* **Your goal**:
Output exactly the lines from the line that has "hfov=60.0deg." through the last line of the data below, with no pictures.

(Records from a data source)
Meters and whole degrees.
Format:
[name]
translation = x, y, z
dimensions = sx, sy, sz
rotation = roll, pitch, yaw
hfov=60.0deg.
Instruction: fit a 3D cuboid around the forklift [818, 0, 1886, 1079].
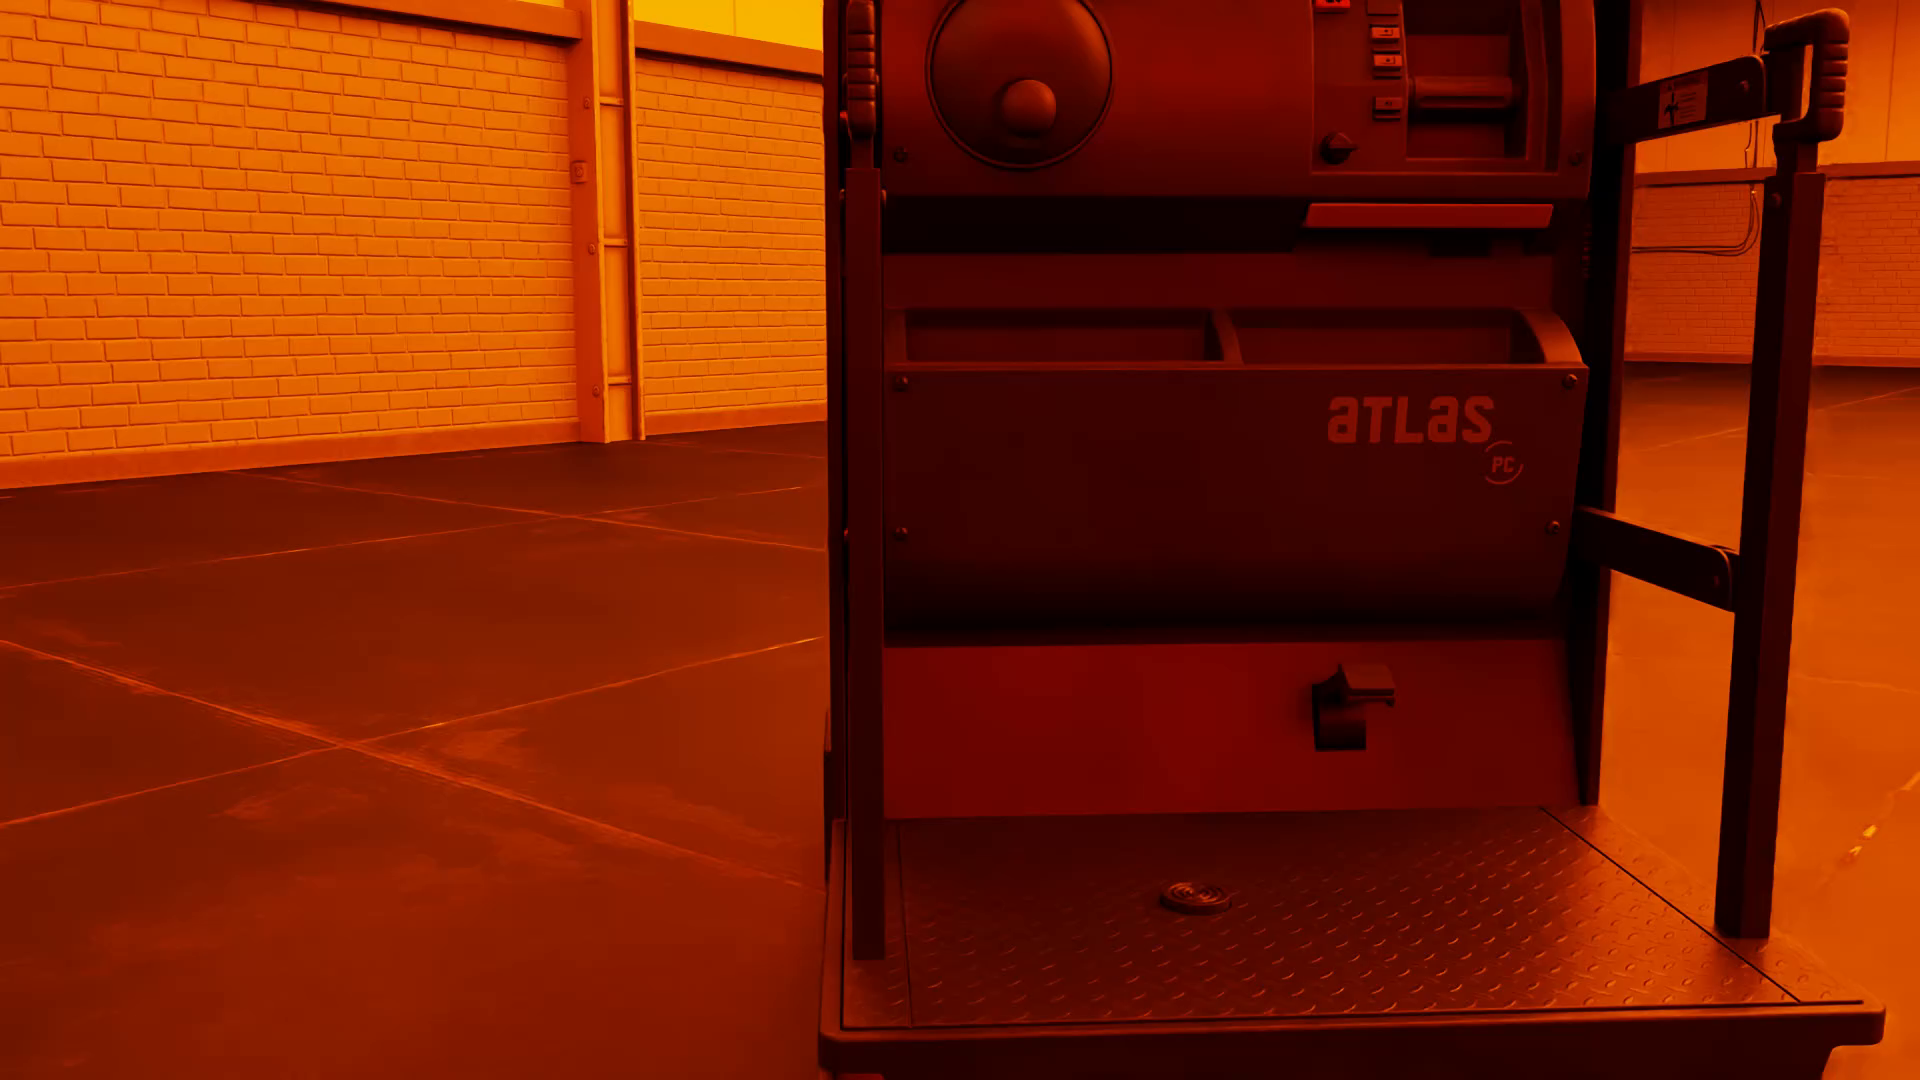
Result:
[forklift]
translation = 0.376, -0.684, 1.959
dimensions = 1.130, 2.935, 3.031
rotation = -1, 8, -3

* **Output**:
hfov=60.0deg.
Instruction: fit a 3D cuboid around the forklift [818, 0, 1886, 1079].
Result:
[forklift]
translation = 0.376, -0.684, 1.959
dimensions = 1.130, 2.935, 3.031
rotation = -1, 8, -3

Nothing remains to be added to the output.